_Task_
These records are to be written out exactly as they read, minus the pictures.

_Material to process_
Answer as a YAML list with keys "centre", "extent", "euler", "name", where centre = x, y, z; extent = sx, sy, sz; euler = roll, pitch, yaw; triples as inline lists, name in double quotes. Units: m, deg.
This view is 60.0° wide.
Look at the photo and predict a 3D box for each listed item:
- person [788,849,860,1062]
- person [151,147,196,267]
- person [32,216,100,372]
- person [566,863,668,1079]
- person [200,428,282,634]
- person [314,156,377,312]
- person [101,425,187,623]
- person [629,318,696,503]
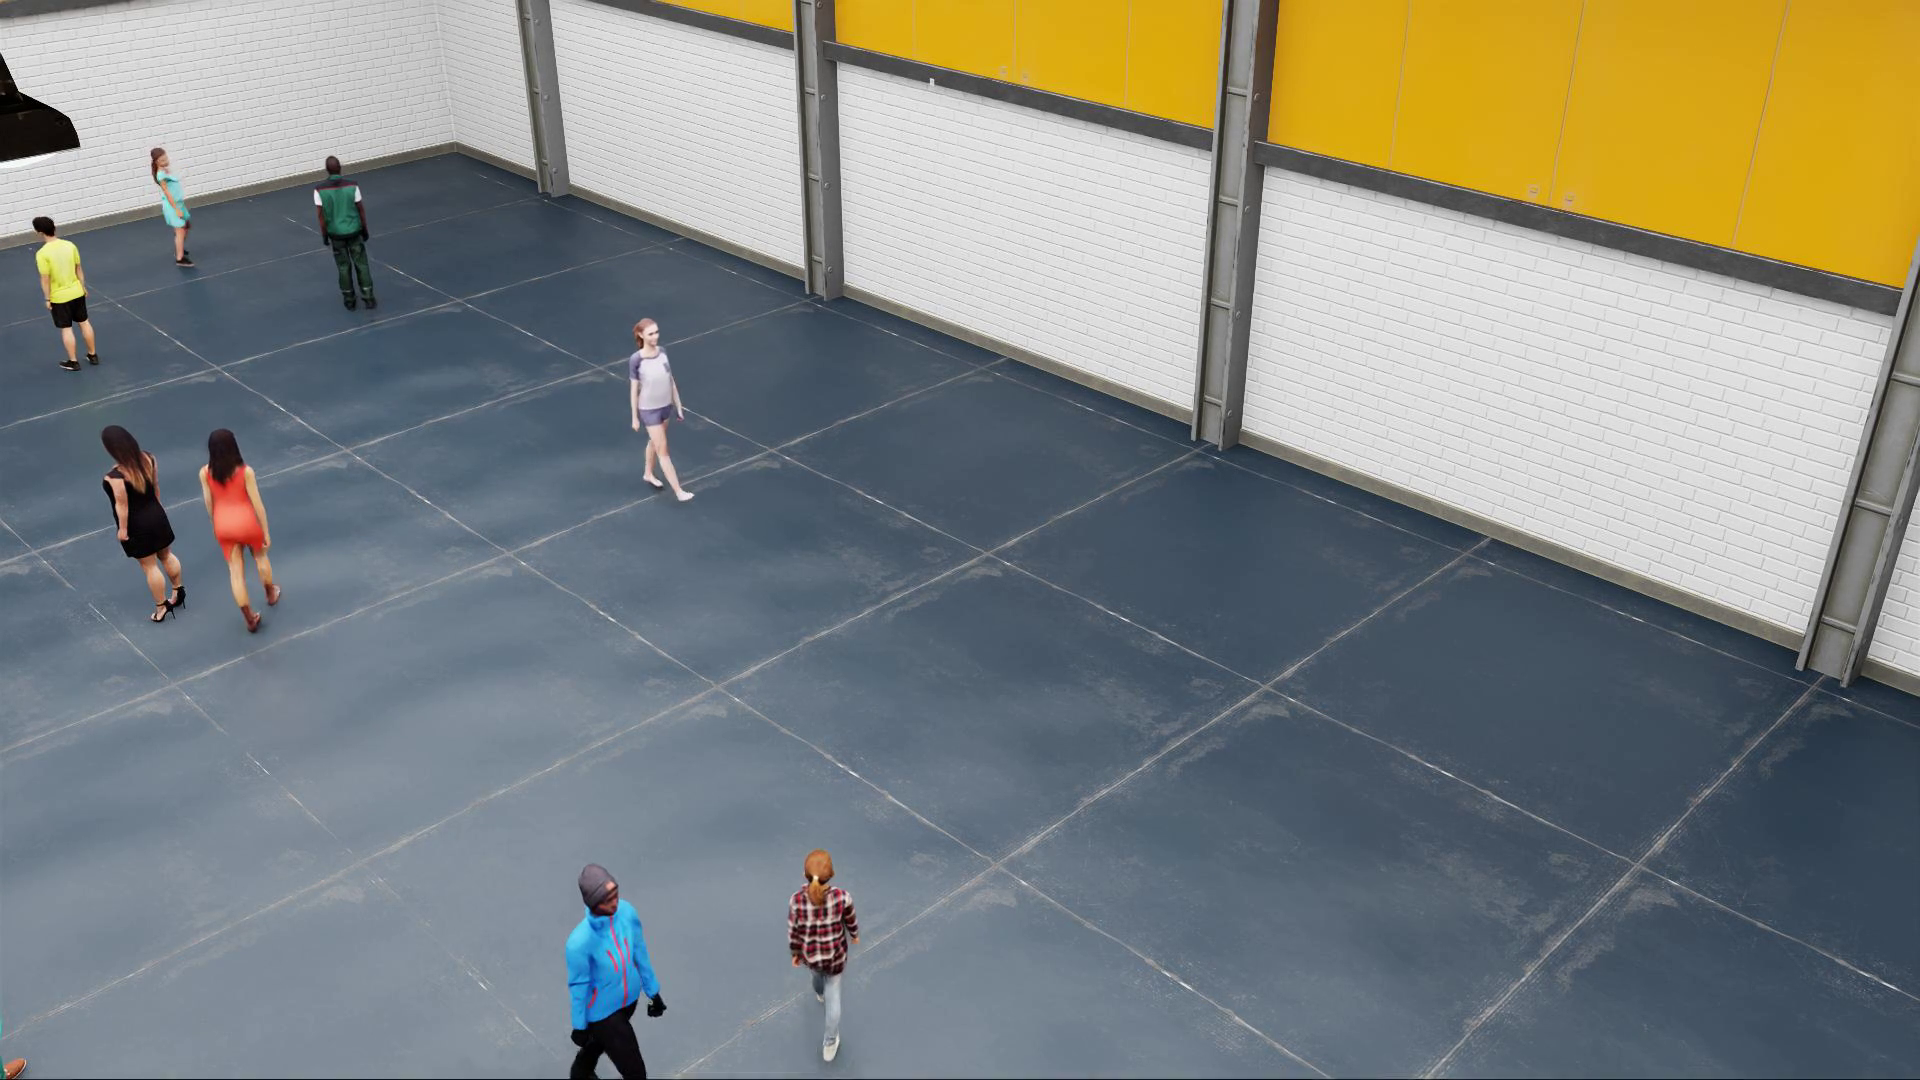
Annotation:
- centre: [-0.765, 2.342, 9.322]
  extent: [0.894, 1.268, 0.956]
  euler: [0, 29, 0]
  name: "person"
- centre: [-9.980, -4.237, 21.103]
  extent: [0.859, 1.537, 0.716]
  euler: [-12, 31, -20]
  name: "person"
- centre: [-9.747, -2.699, 18.106]
  extent: [0.622, 1.706, 0.677]
  euler: [20, 35, 32]
  name: "person"
- centre: [-1.889, 2.400, 8.710]
  extent: [1.215, 1.752, 0.828]
  euler: [16, 33, 27]
  name: "person"
- centre: [-5.759, -0.036, 13.235]
  extent: [0.861, 1.696, 0.979]
  euler: [-8, 30, -14]
  name: "person"
- centre: [-7.268, -3.623, 19.662]
  extent: [0.764, 1.837, 0.730]
  euler: [-11, 31, -20]
  name: "person"
- centre: [-6.570, -0.138, 13.404]
  extent: [0.781, 1.711, 0.760]
  euler: [6, 29, 11]
  name: "person"
- centre: [-2.869, -1.230, 15.390]
  extent: [1.081, 1.728, 0.631]
  euler: [23, 36, 35]
  name: "person"

_Answer to the exercise_
Answer as a YAML list with keys "centre", "extent", "euler", "name", where centre = x, y, z; extent = sx, sy, sz; euler = roll, pitch, yaw; triples as inline lists, name in double quotes. Units: m, deg.
This view is 60.0° wide.
Look at the photo and predict a 3D box for each listed item:
- person [788,849,860,1062]
- person [151,147,196,267]
- person [32,216,100,372]
- person [566,863,668,1079]
- person [200,428,282,634]
- person [314,156,377,312]
- person [101,425,187,623]
- person [629,318,696,503]
Annotation:
- centre: [-0.765, 2.342, 9.322]
  extent: [0.894, 1.268, 0.956]
  euler: [0, 29, 0]
  name: "person"
- centre: [-9.980, -4.237, 21.103]
  extent: [0.859, 1.537, 0.716]
  euler: [-12, 31, -20]
  name: "person"
- centre: [-9.747, -2.699, 18.106]
  extent: [0.622, 1.706, 0.677]
  euler: [20, 35, 32]
  name: "person"
- centre: [-1.889, 2.400, 8.710]
  extent: [1.215, 1.752, 0.828]
  euler: [16, 33, 27]
  name: "person"
- centre: [-5.759, -0.036, 13.235]
  extent: [0.861, 1.696, 0.979]
  euler: [-8, 30, -14]
  name: "person"
- centre: [-7.268, -3.623, 19.662]
  extent: [0.764, 1.837, 0.730]
  euler: [-11, 31, -20]
  name: "person"
- centre: [-6.570, -0.138, 13.404]
  extent: [0.781, 1.711, 0.760]
  euler: [6, 29, 11]
  name: "person"
- centre: [-2.869, -1.230, 15.390]
  extent: [1.081, 1.728, 0.631]
  euler: [23, 36, 35]
  name: "person"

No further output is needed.